With it being Friday, we took this opportunity to have a long lunch and went out for Goulash soup, which was grand.

Post luncheon, I attended the Acquia beta test kitchen, where I proceeded to break pretty much everything. I am assured that this is providing them with “useful information”, but I worry that there may have been some fairly colourful language used in reference to certain parts of that session…!

Then followed a quick BoF in the form of a chat about taxonomy and menus, hosted by pwolanin and catch, which proved to be quite useful – lots of stuff about the new hierarchical select module by WimLeers and other titbits like taxonomy_context.module and some potential uses.

The evening takes us to the Taj Mahal indian restaurant, where the service was appalling, but the belly dances were frequent. I hear some people enjoyed that rather more than the meal…

Aug 29 2008
Aug 29

Thursday, Day two. I didn’t do much today in terms of sessions, but I’d spoken to Kieran Lal of Acquia the day before regarding a voluntary interview… more on that in a tick.

I hear that the testing party went well in the morning, the pancakes weren’t fictitious and lots of people turned up!

Just after lunch, we had the redesign session.
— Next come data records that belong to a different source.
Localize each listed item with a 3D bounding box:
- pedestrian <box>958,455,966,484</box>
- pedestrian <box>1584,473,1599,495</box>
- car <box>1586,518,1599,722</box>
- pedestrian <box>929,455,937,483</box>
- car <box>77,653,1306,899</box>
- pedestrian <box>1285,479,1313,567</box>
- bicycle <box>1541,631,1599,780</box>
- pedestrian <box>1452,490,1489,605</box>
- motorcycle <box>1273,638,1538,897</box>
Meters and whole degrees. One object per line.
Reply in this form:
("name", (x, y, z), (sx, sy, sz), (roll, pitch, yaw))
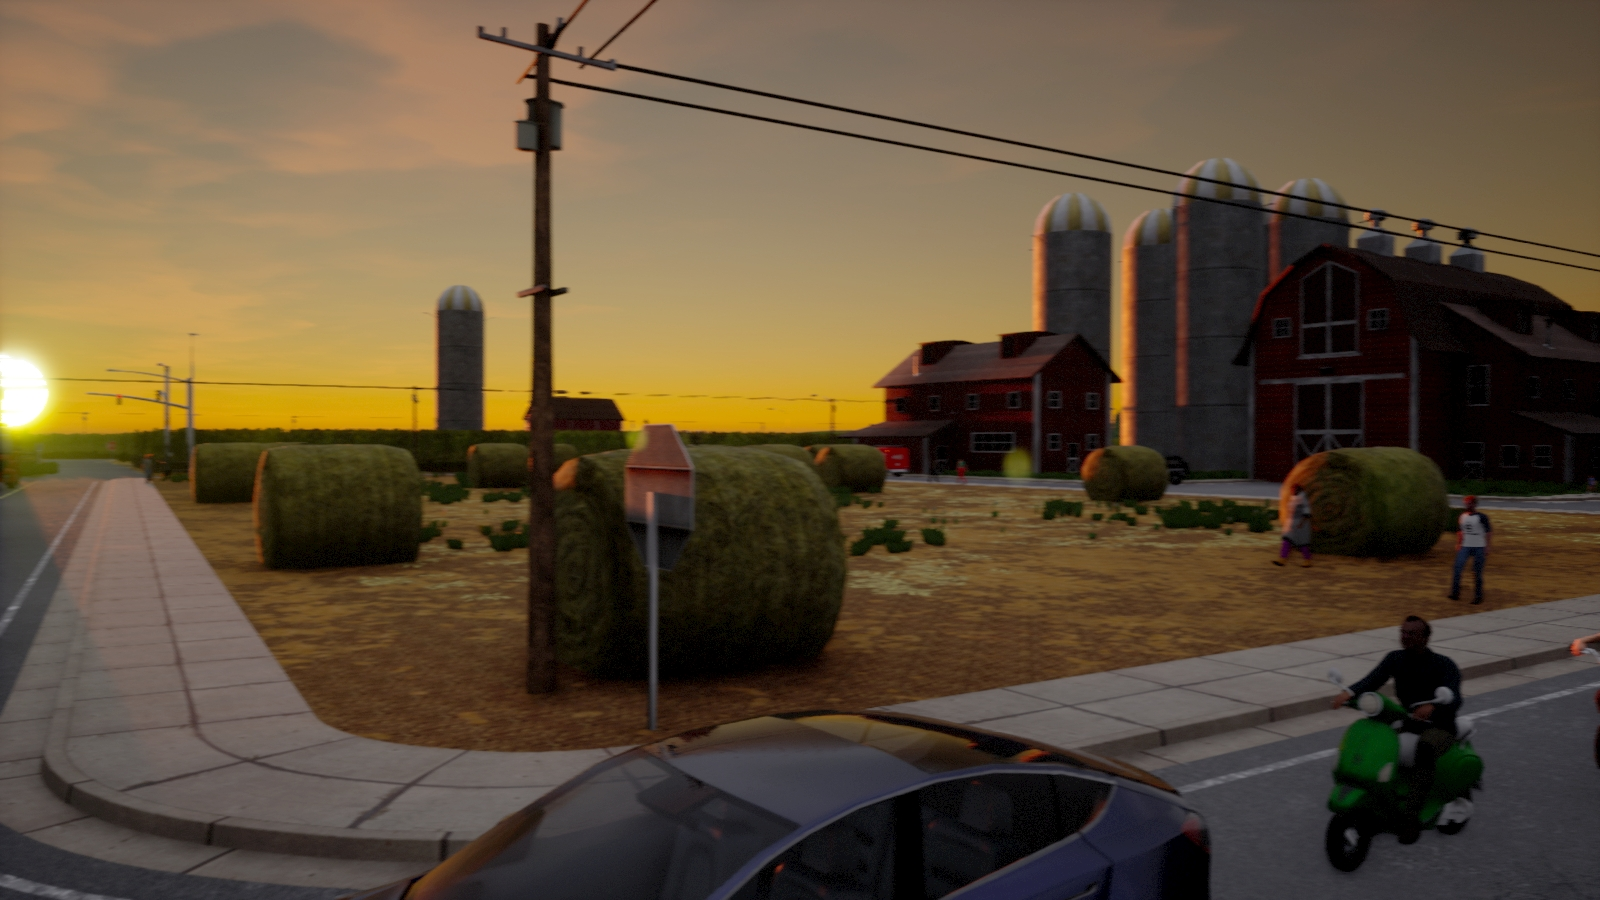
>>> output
("pedestrian", (10.448, 1.262, 73.741), (0.375, 1.860, 0.375), (0, 0, -35))
("pedestrian", (40.400, 1.712, 58.267), (0.500, 1.100, 0.500), (0, 0, -23))
("car", (10.942, 1.734, 12.368), (5.566, 2.045, 2.150), (0, 0, -35))
("pedestrian", (8.873, 1.243, 76.147), (0.375, 1.860, 0.375), (0, 0, 42))
("car", (-0.201, 2.021, 4.891), (4.792, 1.488, 2.163), (0, 0, -35))
("pedestrian", (10.713, 1.558, 24.529), (0.375, 1.860, 0.375), (0, 0, -17))
("bicycle", (7.291, 2.212, 9.970), (1.487, 1.080, 0.859), (0, 0, -34))
("pedestrian", (11.104, 1.605, 18.924), (0.375, 1.860, 0.375), (0, 0, -31))
("motorcycle", (4.210, 2.100, 7.916), (1.805, 1.316, 0.856), (0, 0, -33))
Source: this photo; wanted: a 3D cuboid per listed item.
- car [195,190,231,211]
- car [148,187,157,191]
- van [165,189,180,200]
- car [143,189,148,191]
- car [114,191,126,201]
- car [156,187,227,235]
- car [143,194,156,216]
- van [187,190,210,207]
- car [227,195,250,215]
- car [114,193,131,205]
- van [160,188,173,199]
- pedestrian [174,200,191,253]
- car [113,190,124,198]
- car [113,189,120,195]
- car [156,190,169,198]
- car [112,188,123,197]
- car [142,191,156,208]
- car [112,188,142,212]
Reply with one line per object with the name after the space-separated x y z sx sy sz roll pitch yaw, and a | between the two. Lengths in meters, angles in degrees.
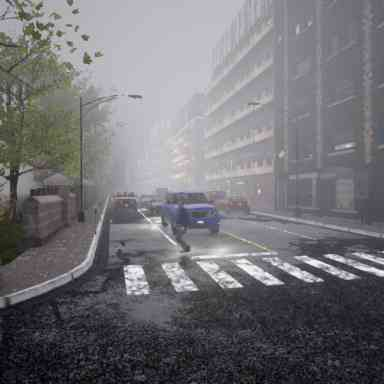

Mark Boulton [Design] acknowledges that this particular redesign is potentially the hardest thing he’s ever done, with over 200,000 clients involved in the project – I hope he realises how damn picky we all are!! MortenDK, myself and no doubt several others have put our names down to help out with whatever aspects of the theming that we can.

Next, for me, followed an interview with Leisa, who is the usability expert assigned to interview lots of users prior to the redesign process. I surprised myself with how little I could remember about the various aspects of the front page and most other sections of the site. I genuinely hope that these interviews are going to be useful – I strongly suspect that they will be, as I hear that lots of things were being mentioned repeatedly.

Later that night, we had the welcoming party. You can keep the wine spritzers, thanks – I’ll have a beer. A good time was had by all, after we worked out how to actually get beer. Some pretty good photos from the party can be seen on my Flickr account, in the set tagged DrupalConSzeged2008, with the title DrupalCon Szeged Welcome Party

Aug 27 2008
Aug 27

Day one of the Drupal Con in Szeged, Hungary. Morten and I made the initial keynote speech by Dries & Co. Well, almost. We were in the door about 4 seconds, there was some clapping, and we left. Couldn’t tell you why we were so late… ;)

Sam Boyer then presented a very decent overview of the Panels module, with some information about the direction of Panels 2 and what’s upcoming in version 3. The key fact that people are most likely hanging on for is the release date for Panels 2 under Drupal 6. Sam seems confident that the answer is something akin to “soon, I promise!” This is a Good Thing. Currently we’re developing a magazine website and using version 6, and really Panels 2 is the last great module that’s not working under that version.

One thing I picked up on was the proposed abstraction of the override functionality (node, taxonomy, etc) into a separate module. This is pretty smart thinking – when I give people a tour of the panels administration interface that powers the Curt Smith website, the override stuff is probably about 40% of the show.

As I write this paragraph, Rasmus Lerdorf is talking about some insane low level PHP optimisation stuff. Some of it I get, some of it is working at a level that is so low that I just can’t afford the brain cells to care about it. He makes a pretty convincing argument for this optimisation though, and points out that you’re basically an idiot if you don’t use opcode caching on your server. Ahem, no comment.

Rasmus also mentions how optimisation can have a positive effect on managing environmental damage – specifically he mentioned the ubiquitous kitten and its untimely demise due to environmental damage. I have taken this concept and run, coming up with the concept of a new unit of measurement for computing – “cycles per kitten”.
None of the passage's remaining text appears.